Si al final de mi vida tuviese que escribir un libro de lecciones clave para la supervivencia en este mundo, sin duda alguna arrancaría con esta: los palos curten. Todos, sin excepción, estamos necesitados de toques de atención que nos devuelvan el cable a tierra. Aunque la vida, cuando se pone a ello, no sobresale precisamente por su delicadeza. Claro que no es plato de buen gusto para nadie, pero no me cabe la menor duda que son males necesarios.
Queramos o no reconocerlo, creo que somos muy conscientes de ello. Por eso tensamos la cuerda a sabiendas de que podemos llevarnos un latigazo – incluso me atrevería a decir que la mayoría de las ocasiones es lo que estamos buscando -, y por eso confiamos en el poder de la caída cuando ansiamos un resurgir. Hasta cuando el golpe es inminente no hacemos nada por pararlo, más bien al contrario: nos quedamos observando como espectadores a que la vida y su ausencia de sutileza hagan su parte.
«Es ver cómo, a pesar de las advertencias, van de cabeza al precipicio y no puedes hacer nada por pararlo. Ese sacrificio solo puede nacer de las entrañas del amor»
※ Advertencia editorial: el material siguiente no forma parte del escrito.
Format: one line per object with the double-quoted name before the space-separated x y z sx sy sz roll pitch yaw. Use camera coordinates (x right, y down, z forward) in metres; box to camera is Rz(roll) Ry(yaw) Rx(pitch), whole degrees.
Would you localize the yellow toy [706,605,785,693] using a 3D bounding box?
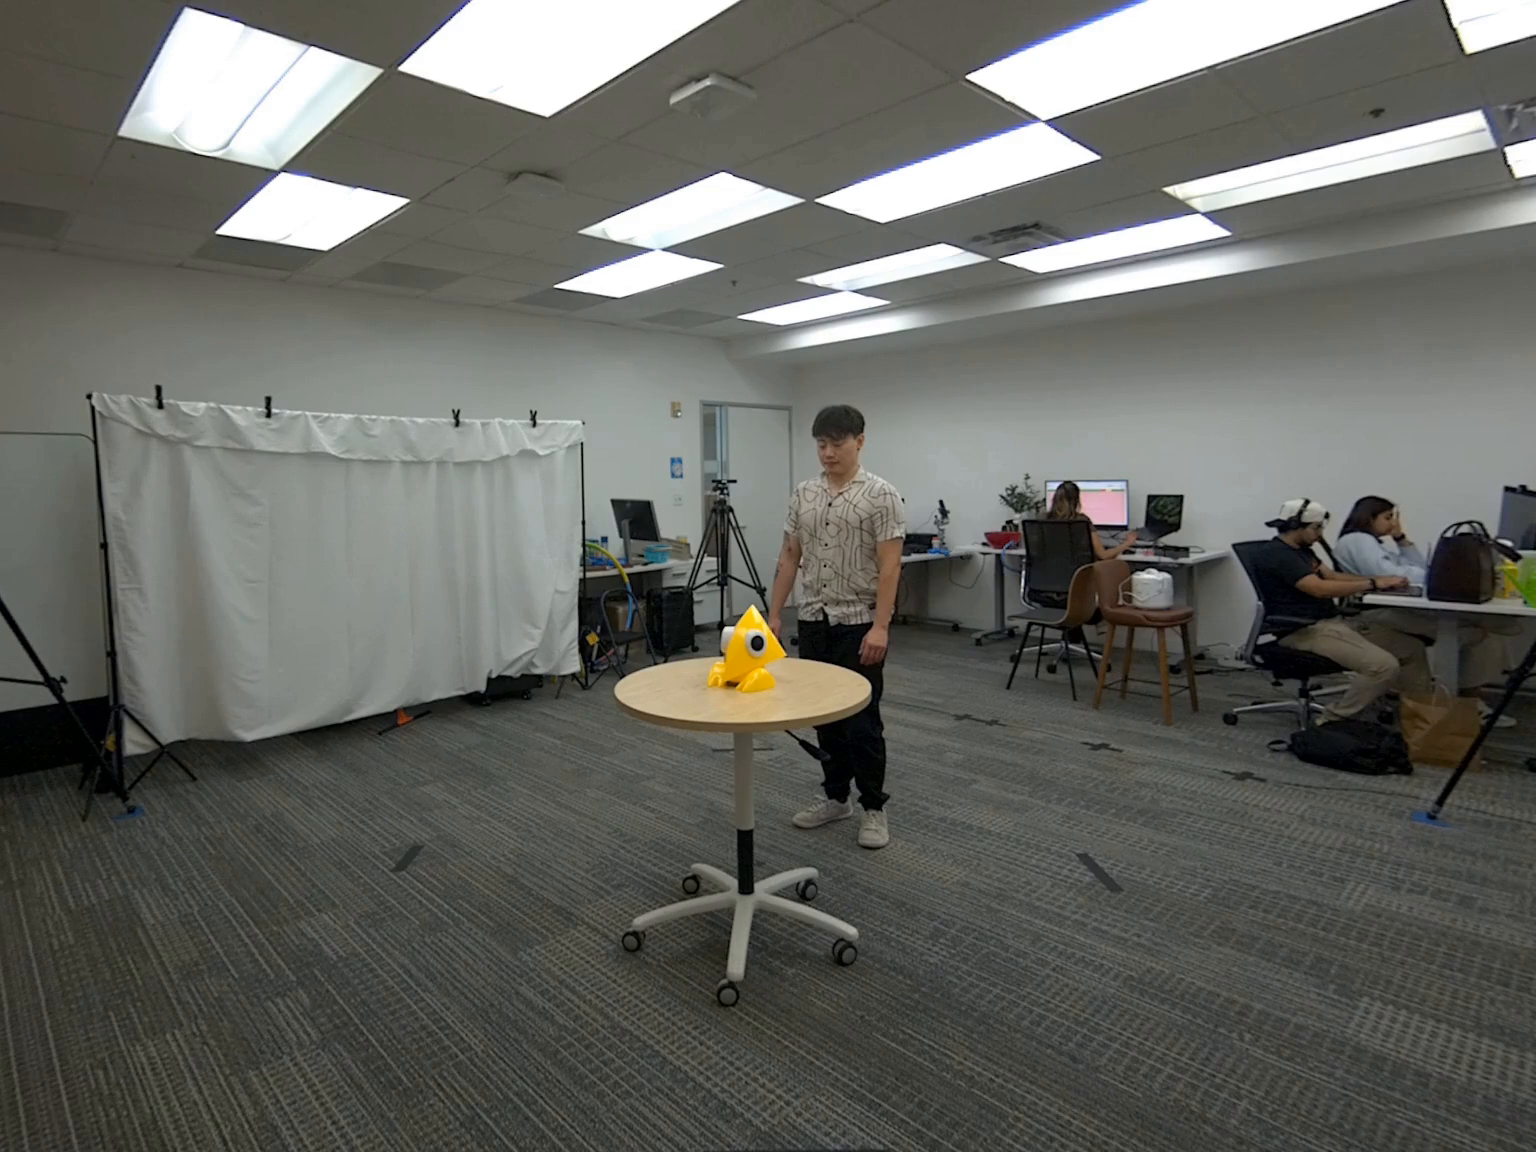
"yellow toy" -0.072 0.214 2.576 0.211 0.229 0.189 4 8 33

Que sea necesario no quita el dolor que lleva consigo, por eso al buscarlo no sé muy bien si cometemos un acto valiente o kamikaze. En cualquier caso, necesario. Pero, si hay algo que duele más que la propia caída, esa es la caída de quienes queremos. Es ver cómo, a pesar de las advertencias, van de cabeza al precipicio y no puedes hacer nada por pararlo. Ese sacrificio solo puede nacer de las entrañas del amor.
Por eso admiro tanto a quien, desde la distancia, prepara el colchón cuando se avecina la caída. Avisan, pero no la frenan. Miran, pero no intervienen. Consuelan, pero no reprochan. Aunque esto suponga tragarse el orgullo y hacer de tripas corazón. Saltarse la opción fácil en pro de un posible aprendizaje. Amar desde el coraje y el cariño casi a partes iguales.
Yo, que conozco bien la frontera entre lo valiente y lo kamikaze, tengo la suerte de poder permitirme el riesgo no solo porque confío a ciegas en la enseñanza de la caída, sino porque sé a ciencia cierta que por mucho que duela el golpe siempre va a venir amortiguado. Mi libertad también radica en la certeza de que lo que yo experimento como funambulismo es, en realidad, el esfuerzo de muchos corazones que, aún oponiéndose a la práctica, se dejan la piel por ayudarme a mantener el equilibrio.
«Soy una afortunada por poder caerme cada vez que quiera, porque sé que tengo una legión de corazones que van a tirarse ahí conmigo para reírnos de lo sucedido»
Por puro instinto protector, en la mayoría de los casos hacen lo imposible por evitar lo inevitable. Previenen con señales de todo tipo el desenlace más que conocido, recurren incluso a medidas desesperadas hasta que mi empeño por ver qué hay detrás de la puerta les obliga a dar un paso atrás. Por suerte, siempre conocen el pasadizo secreto que les lleva al otro lado. Entonces, cuando creo que he caído en el abismo y que no hay vuelta atrás, siempre aparece una sonrisa exenta de rencores y unos brazos que lejos de recriminar, recogen corriendo mis pedazos y me vuelven a hablar de hogar.
Si algo me han enseñado los años es que los golpes curten, y que renegar de la caída es una forma un poco ingenua de evitarse la lección. Pero, si me preguntan, diré que la vida va un paso más allá. Por muchos golpes y caídas, por muchos palos y desengaños, las marcas que son para siempre son las que quedan en el corazón, las que nacen desde la pedagogía del amor. Soy una afortunada por poder caerme cada vez que quiera, porque sé que tengo una legión de corazones que van a tirarse ahí conmigo para reírnos de lo sucedido, para besarme las heridas, para cantarme la canción que consuela el alma, para tenderme su mano incansable una vez más, para decirme que con esto aprendido, volvemos juntos a la carga.